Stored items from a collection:
= Beginning of Section =

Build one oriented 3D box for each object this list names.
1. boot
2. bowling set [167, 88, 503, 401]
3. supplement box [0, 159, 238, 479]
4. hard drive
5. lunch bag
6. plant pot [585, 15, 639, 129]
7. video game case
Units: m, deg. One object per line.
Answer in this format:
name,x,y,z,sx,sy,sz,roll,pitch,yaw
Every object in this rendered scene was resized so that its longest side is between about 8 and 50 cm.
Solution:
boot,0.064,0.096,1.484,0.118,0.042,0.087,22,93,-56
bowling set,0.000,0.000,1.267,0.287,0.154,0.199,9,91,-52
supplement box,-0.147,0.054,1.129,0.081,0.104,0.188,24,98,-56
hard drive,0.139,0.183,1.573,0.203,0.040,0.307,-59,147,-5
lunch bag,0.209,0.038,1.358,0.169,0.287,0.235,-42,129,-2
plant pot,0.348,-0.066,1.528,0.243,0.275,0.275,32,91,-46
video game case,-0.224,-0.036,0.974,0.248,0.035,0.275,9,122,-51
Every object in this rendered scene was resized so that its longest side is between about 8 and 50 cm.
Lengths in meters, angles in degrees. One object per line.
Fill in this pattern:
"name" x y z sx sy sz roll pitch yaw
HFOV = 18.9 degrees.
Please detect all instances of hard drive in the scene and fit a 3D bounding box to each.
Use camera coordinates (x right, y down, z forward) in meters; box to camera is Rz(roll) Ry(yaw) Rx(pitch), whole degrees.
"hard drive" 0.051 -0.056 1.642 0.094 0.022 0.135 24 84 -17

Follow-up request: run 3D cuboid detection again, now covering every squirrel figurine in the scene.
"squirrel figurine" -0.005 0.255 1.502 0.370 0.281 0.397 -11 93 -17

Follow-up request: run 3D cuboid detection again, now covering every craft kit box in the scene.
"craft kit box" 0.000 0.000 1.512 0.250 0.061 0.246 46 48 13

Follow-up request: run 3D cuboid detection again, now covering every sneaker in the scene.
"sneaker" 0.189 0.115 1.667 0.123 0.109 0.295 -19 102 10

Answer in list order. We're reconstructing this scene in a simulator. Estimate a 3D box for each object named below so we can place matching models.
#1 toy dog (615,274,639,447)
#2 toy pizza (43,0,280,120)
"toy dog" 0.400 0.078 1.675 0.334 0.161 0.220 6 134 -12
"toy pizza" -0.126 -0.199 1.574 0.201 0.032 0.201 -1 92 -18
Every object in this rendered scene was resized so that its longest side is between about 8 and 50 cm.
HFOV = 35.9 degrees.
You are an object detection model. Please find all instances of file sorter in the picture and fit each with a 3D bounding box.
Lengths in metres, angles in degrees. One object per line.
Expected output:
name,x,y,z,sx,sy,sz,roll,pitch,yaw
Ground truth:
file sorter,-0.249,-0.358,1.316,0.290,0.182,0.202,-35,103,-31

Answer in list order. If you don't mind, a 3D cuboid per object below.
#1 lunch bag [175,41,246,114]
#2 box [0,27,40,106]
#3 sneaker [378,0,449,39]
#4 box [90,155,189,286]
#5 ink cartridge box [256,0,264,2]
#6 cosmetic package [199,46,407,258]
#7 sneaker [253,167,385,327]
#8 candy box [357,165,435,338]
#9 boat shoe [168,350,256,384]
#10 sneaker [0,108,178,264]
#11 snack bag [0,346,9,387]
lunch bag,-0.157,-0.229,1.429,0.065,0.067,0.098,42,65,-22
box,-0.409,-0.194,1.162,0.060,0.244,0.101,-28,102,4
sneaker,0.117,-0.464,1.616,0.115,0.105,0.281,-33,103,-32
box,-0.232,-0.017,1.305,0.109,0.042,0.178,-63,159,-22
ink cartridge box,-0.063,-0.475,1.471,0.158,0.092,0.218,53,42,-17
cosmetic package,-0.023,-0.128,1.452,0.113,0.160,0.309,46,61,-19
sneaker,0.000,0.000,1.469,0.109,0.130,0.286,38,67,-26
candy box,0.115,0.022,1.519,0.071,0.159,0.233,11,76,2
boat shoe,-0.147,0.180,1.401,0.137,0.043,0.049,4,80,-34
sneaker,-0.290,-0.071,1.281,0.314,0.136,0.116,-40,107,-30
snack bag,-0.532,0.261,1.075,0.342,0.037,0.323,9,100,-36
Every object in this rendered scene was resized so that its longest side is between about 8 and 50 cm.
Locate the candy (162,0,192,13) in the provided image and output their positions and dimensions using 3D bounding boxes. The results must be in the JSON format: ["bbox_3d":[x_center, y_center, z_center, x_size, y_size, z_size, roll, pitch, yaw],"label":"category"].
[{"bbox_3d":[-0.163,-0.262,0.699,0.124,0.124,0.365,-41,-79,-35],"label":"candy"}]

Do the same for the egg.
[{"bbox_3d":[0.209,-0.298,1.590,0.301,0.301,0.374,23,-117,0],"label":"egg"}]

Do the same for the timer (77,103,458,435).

= End of Section =

_TASK GOAL_
With the line that contains "#10 sneaker [0,108,178,264]" as your start, reproduce the data above exactly through its last line, and nothing before that start.

_PROBLEM SOLUTION_
#10 sneaker [0,108,178,264]
#11 snack bag [0,346,9,387]
lunch bag,-0.157,-0.229,1.429,0.065,0.067,0.098,42,65,-22
box,-0.409,-0.194,1.162,0.060,0.244,0.101,-28,102,4
sneaker,0.117,-0.464,1.616,0.115,0.105,0.281,-33,103,-32
box,-0.232,-0.017,1.305,0.109,0.042,0.178,-63,159,-22
ink cartridge box,-0.063,-0.475,1.471,0.158,0.092,0.218,53,42,-17
cosmetic package,-0.023,-0.128,1.452,0.113,0.160,0.309,46,61,-19
sneaker,0.000,0.000,1.469,0.109,0.130,0.286,38,67,-26
candy box,0.115,0.022,1.519,0.071,0.159,0.233,11,76,2
boat shoe,-0.147,0.180,1.401,0.137,0.043,0.049,4,80,-34
sneaker,-0.290,-0.071,1.281,0.314,0.136,0.116,-40,107,-30
snack bag,-0.532,0.261,1.075,0.342,0.037,0.323,9,100,-36
Every object in this rendered scene was resized so that its longest side is between about 8 and 50 cm.
Locate the candy (162,0,192,13) in the provided image and output their positions and dimensions using 3D bounding boxes. The results must be in the JSON format: ["bbox_3d":[x_center, y_center, z_center, x_size, y_size, z_size, roll, pitch, yaw],"label":"category"].
[{"bbox_3d":[-0.163,-0.262,0.699,0.124,0.124,0.365,-41,-79,-35],"label":"candy"}]

Do the same for the egg.
[{"bbox_3d":[0.209,-0.298,1.590,0.301,0.301,0.374,23,-117,0],"label":"egg"}]

Do the same for the timer (77,103,458,435).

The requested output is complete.